The Dillinger Escape Plan are cutting ties. More than that, they’re breaking chains, burning bridges, and not looking back once. And if it wasn’t clear on their last album, the incredible ‘Ire Works’, that this band no longer care one bit for mathcore, core of any kind for that matter, or their much-heralded past, then album number five proves it permanently- this is a band of pioneers intent only on pushing forward.
‘Farewell Mona Lisa’ is the first sign of where The Dillinger Escape Plan have pushed to in 2010. The sort of squirrelly beast that this band have made their own since 04’s ‘Miss Machine’, but better, it shifts and swells from extreme noise terror to tender croons to angry beehive hum. It’s defiantly individual and singularly brilliant and in five quick minutes it bursts the bubbles of those still vainly holding out hope for a return to the firestorm fury of Dillinger’s very early days. Hell, frontman Greg Puciato sings it straight to them, “What did you expect, that we would never leave home… You should never put your trust in any of us”.

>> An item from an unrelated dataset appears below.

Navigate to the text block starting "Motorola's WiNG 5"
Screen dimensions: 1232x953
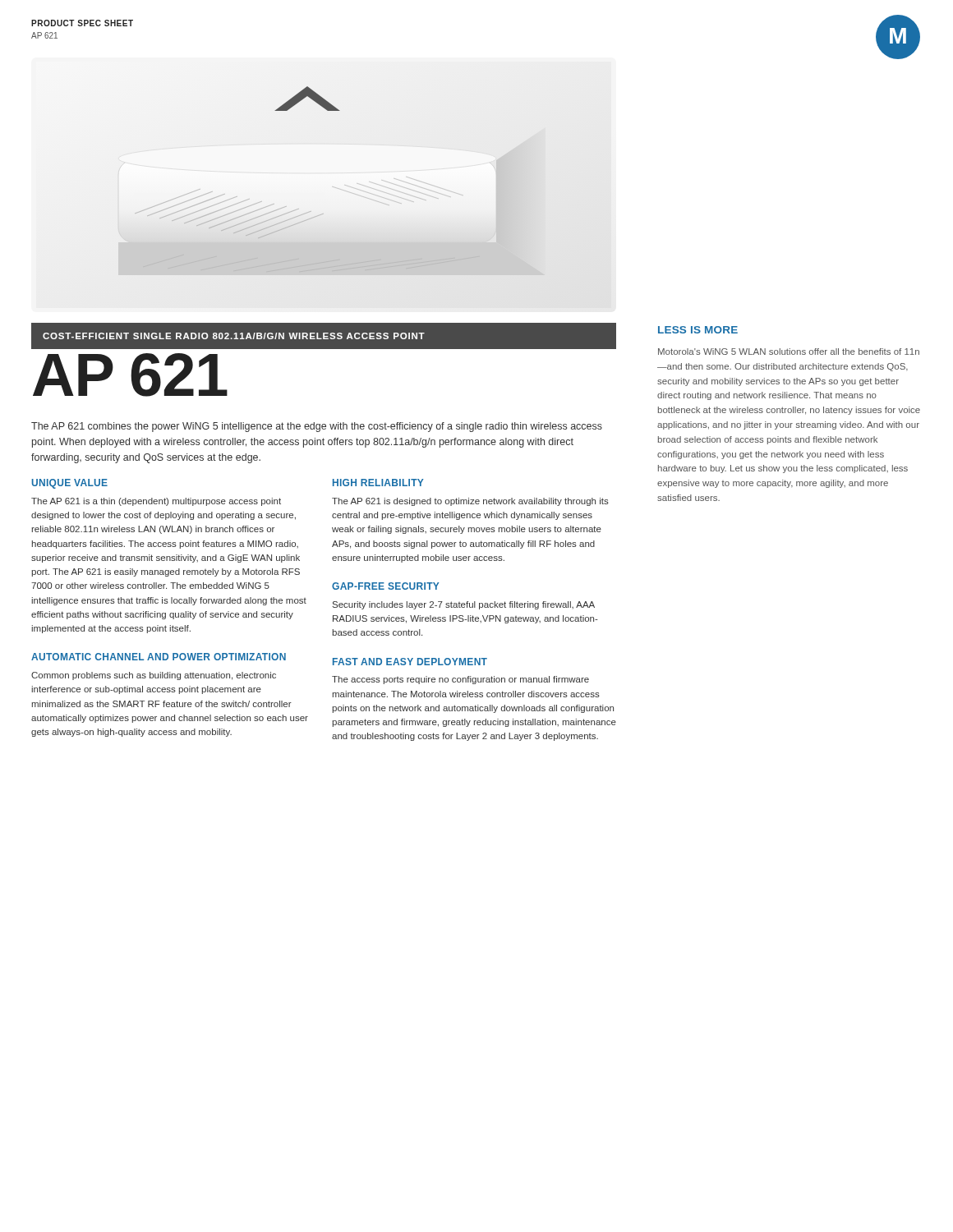click(x=789, y=425)
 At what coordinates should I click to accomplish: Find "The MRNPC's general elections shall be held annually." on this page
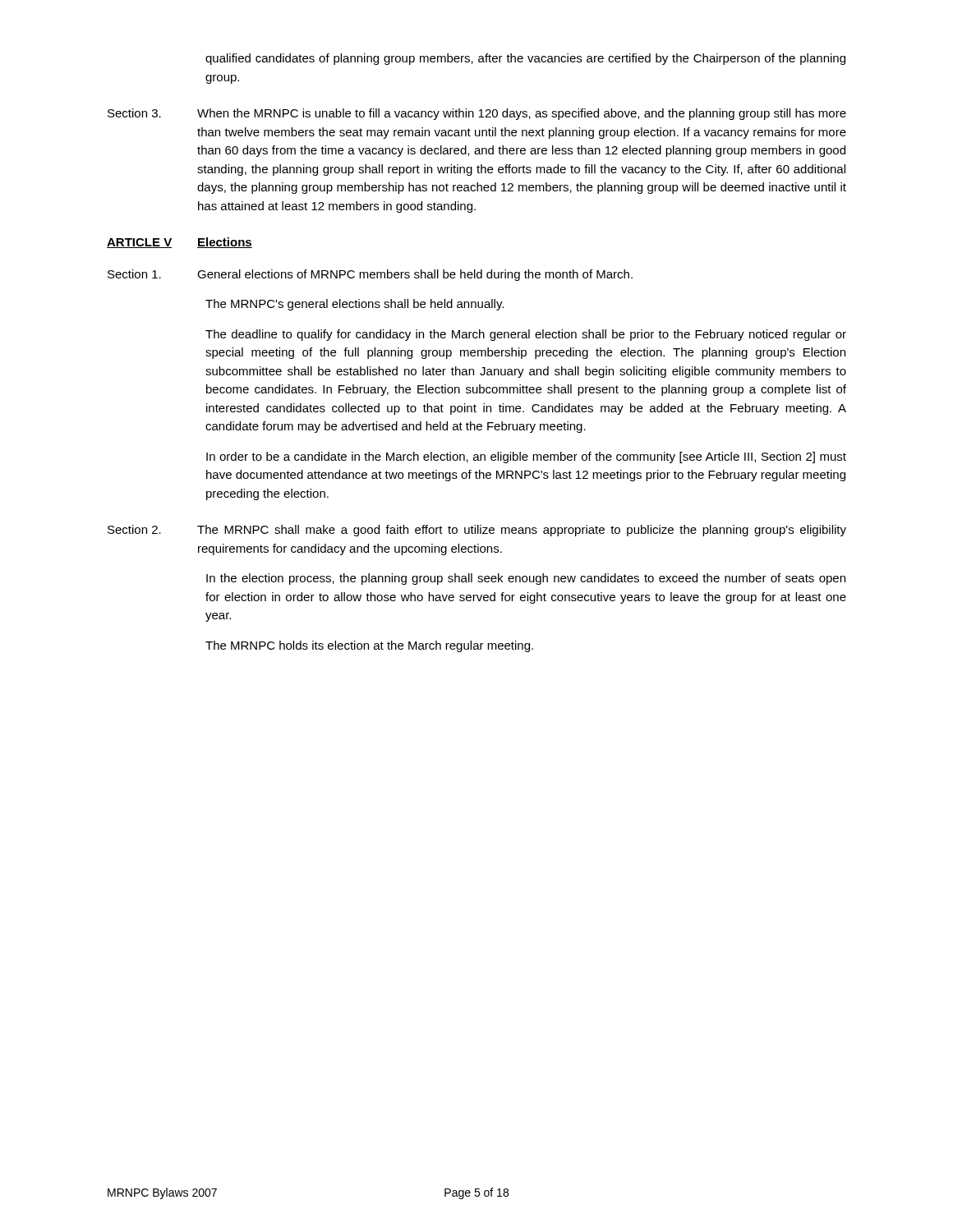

That’s not to say there is no intensity or venom here. Dillinger are still a band capable of sandblasting skin and in two-minute monsters like ‘Good Neighbour’ and ‘Crystal Morning’ they have no doubt added further fuel to their live fire. But the band are best when expanding, perverting and pulling apart these tantrums, turning them into post-everything experiments and (gasp) proper songs.
‘Widower’ goes a little clumsily from soft (love songs licks and Mike Patton-esque singing) to hard (rat-a-tat riffs and screaming about death) but handles both ends perfectly, ‘Room Full of Eyes’ is all bared teeth, electronic buzz and brilliantly rumbling bass, and closer ‘Parasitic Twins’ is dark, intimidating, and atmospheric but oh so beautiful. And despite the fact that this is the longest album Dillinger have released, as it rolls to a close you only want it to roll on and on and on.
Sure, there are other bands that do all these things but rarely at the same time and never this good. Hell, no other band on earth could put off-kilter riffs, robotic on-point percussion, inhuman barks, baroque croons, glockenspiel, strings and David Bowie’s pianist on the same record and produce something this creative, cohesive and coherent. In short, no one else is quite this good in quite this way and probably never will be.